Recorded data
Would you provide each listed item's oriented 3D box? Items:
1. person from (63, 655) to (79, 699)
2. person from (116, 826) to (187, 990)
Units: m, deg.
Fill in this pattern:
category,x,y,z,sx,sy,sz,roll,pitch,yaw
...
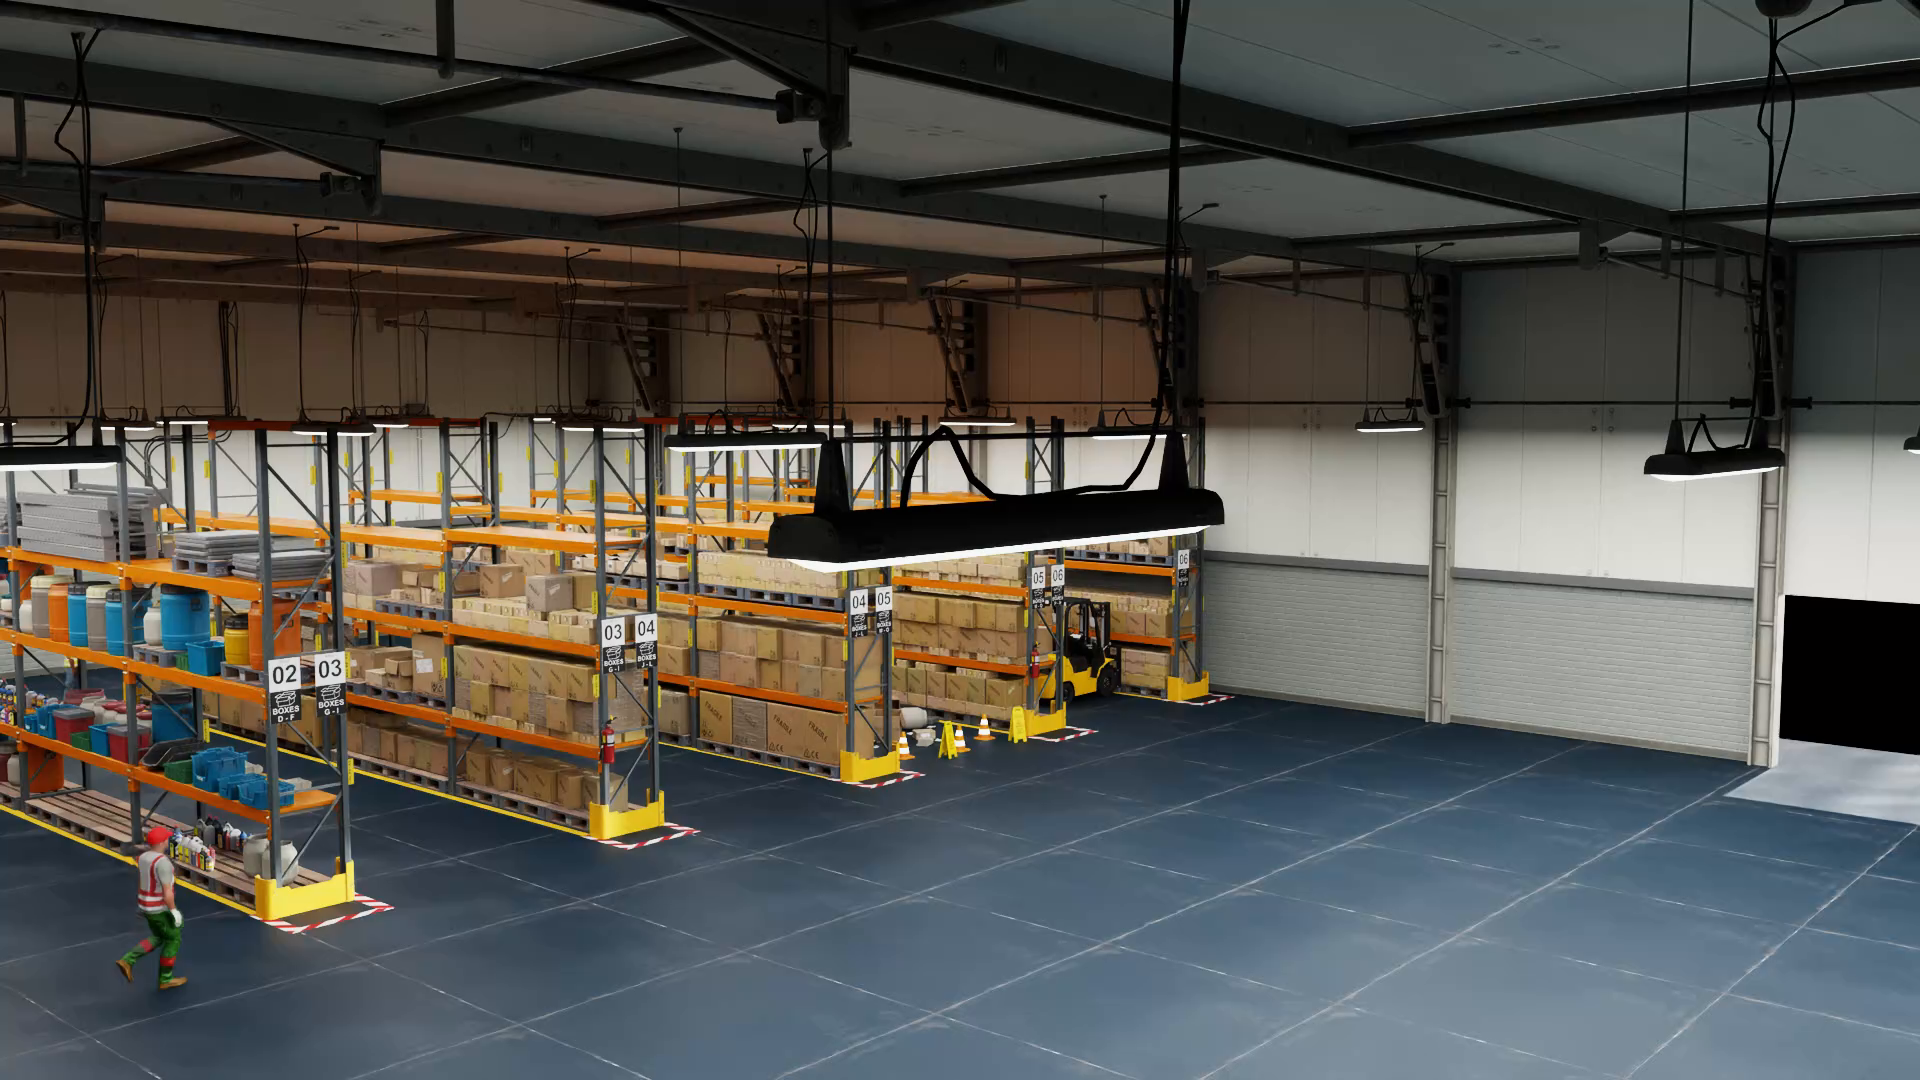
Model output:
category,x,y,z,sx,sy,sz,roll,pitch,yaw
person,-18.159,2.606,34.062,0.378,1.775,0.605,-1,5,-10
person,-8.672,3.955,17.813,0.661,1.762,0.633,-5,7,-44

* Task details *
Please write out exactly the lines from the one containing "1. person from (63, 655) to (79, 699)" through the last line of the records above, and leave out any pictures.

* Completed exercise *
1. person from (63, 655) to (79, 699)
2. person from (116, 826) to (187, 990)
Units: m, deg.
Fill in this pattern:
category,x,y,z,sx,sy,sz,roll,pitch,yaw
...
Model output:
category,x,y,z,sx,sy,sz,roll,pitch,yaw
person,-18.159,2.606,34.062,0.378,1.775,0.605,-1,5,-10
person,-8.672,3.955,17.813,0.661,1.762,0.633,-5,7,-44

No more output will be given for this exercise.